WHAT THIS TASK INVOLVES: Gather each line in the entries that includes the string "Rendered".

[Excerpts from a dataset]
--
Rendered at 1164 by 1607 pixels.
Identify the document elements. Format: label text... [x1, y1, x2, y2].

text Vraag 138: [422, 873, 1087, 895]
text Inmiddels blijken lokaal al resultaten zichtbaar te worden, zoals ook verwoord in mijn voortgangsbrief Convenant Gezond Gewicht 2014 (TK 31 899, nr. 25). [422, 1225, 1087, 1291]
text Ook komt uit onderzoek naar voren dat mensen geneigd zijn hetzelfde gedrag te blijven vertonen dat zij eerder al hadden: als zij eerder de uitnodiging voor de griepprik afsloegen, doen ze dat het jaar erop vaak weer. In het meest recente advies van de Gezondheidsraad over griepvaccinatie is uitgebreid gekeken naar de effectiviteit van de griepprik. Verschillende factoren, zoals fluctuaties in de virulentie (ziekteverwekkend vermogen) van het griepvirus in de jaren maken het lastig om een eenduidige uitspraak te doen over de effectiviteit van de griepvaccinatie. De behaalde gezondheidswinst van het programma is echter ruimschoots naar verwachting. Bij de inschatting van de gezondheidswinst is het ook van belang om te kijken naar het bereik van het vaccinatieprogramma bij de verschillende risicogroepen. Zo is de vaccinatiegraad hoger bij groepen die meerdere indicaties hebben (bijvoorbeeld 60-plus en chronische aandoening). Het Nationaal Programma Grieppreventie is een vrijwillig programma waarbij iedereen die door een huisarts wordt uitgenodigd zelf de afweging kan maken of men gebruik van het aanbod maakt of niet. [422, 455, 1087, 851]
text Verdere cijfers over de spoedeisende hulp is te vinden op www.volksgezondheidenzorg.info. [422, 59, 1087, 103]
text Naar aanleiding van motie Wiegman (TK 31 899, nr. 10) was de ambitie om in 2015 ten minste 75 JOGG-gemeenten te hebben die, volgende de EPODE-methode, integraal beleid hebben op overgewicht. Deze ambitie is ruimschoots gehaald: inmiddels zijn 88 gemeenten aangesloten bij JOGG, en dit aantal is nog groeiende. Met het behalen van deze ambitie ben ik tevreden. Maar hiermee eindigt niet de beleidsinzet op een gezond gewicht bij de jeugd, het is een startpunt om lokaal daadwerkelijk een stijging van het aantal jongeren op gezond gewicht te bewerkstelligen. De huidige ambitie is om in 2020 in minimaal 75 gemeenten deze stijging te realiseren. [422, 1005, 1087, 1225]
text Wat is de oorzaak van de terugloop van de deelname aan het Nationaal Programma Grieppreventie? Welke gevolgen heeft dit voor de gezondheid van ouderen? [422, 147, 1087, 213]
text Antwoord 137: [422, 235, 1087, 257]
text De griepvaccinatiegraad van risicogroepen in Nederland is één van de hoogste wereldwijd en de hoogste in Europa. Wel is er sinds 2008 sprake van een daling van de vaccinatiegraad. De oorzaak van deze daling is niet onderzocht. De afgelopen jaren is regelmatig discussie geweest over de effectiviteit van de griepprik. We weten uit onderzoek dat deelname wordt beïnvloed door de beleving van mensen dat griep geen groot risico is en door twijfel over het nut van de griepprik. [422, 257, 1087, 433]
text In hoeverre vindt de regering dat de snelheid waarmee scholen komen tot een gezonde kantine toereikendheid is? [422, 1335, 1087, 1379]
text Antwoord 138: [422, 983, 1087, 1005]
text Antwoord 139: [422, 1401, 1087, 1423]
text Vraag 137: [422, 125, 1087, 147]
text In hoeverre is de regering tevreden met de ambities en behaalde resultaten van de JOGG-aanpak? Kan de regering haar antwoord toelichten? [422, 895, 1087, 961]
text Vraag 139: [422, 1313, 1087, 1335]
--
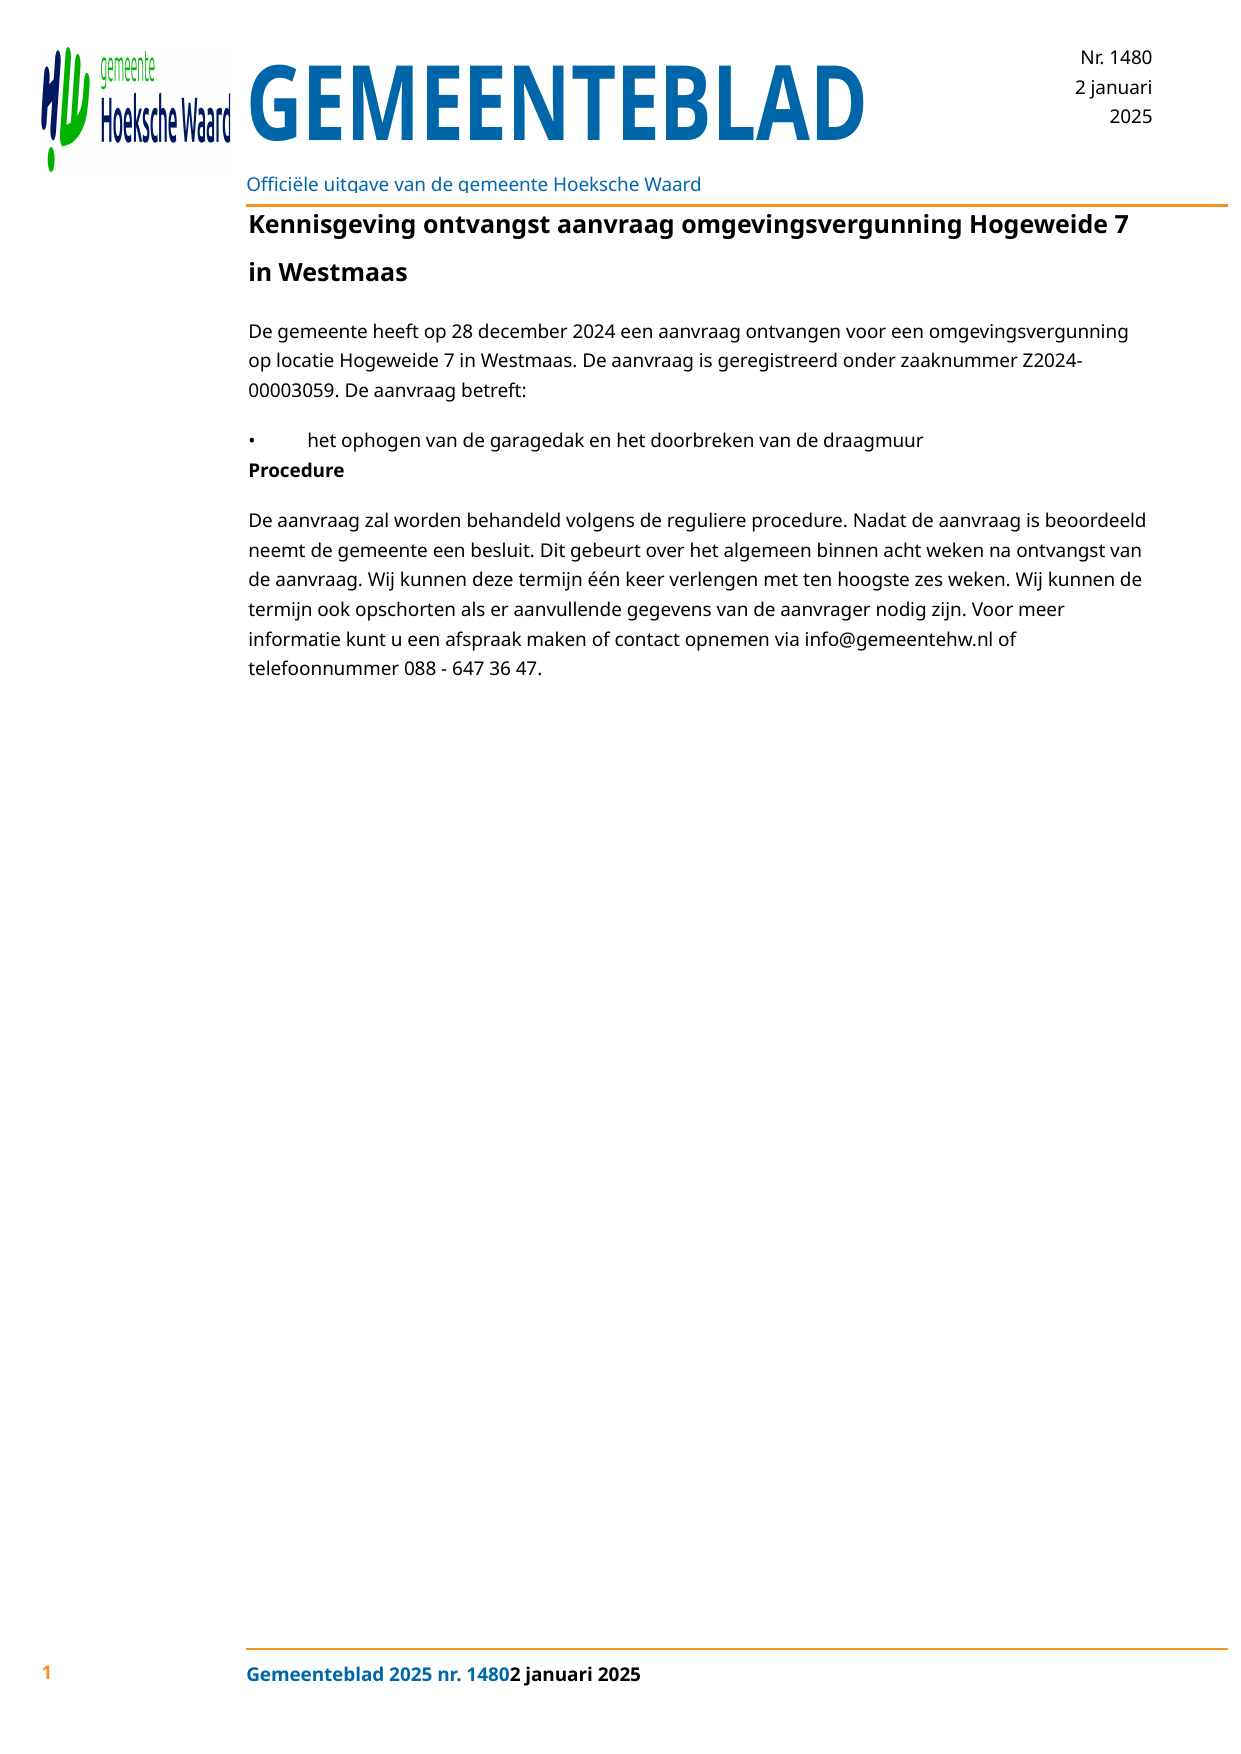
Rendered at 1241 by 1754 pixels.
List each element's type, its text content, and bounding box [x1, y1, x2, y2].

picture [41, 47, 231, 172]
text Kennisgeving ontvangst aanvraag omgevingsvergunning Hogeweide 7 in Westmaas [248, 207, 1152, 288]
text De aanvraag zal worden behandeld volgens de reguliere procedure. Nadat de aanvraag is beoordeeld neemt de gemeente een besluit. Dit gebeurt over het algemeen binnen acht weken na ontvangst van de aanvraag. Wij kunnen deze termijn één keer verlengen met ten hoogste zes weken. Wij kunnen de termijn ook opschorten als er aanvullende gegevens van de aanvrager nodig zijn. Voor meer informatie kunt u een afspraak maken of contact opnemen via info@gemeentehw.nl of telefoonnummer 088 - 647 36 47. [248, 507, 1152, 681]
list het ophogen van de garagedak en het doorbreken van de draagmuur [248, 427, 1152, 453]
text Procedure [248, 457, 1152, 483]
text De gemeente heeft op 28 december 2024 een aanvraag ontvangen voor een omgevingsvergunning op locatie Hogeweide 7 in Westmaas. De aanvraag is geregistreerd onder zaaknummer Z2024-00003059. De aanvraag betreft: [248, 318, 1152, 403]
--
REPLY:
Rendered at 1164 by 1607 pixels.
Rendered at 1241 by 1754 pixels.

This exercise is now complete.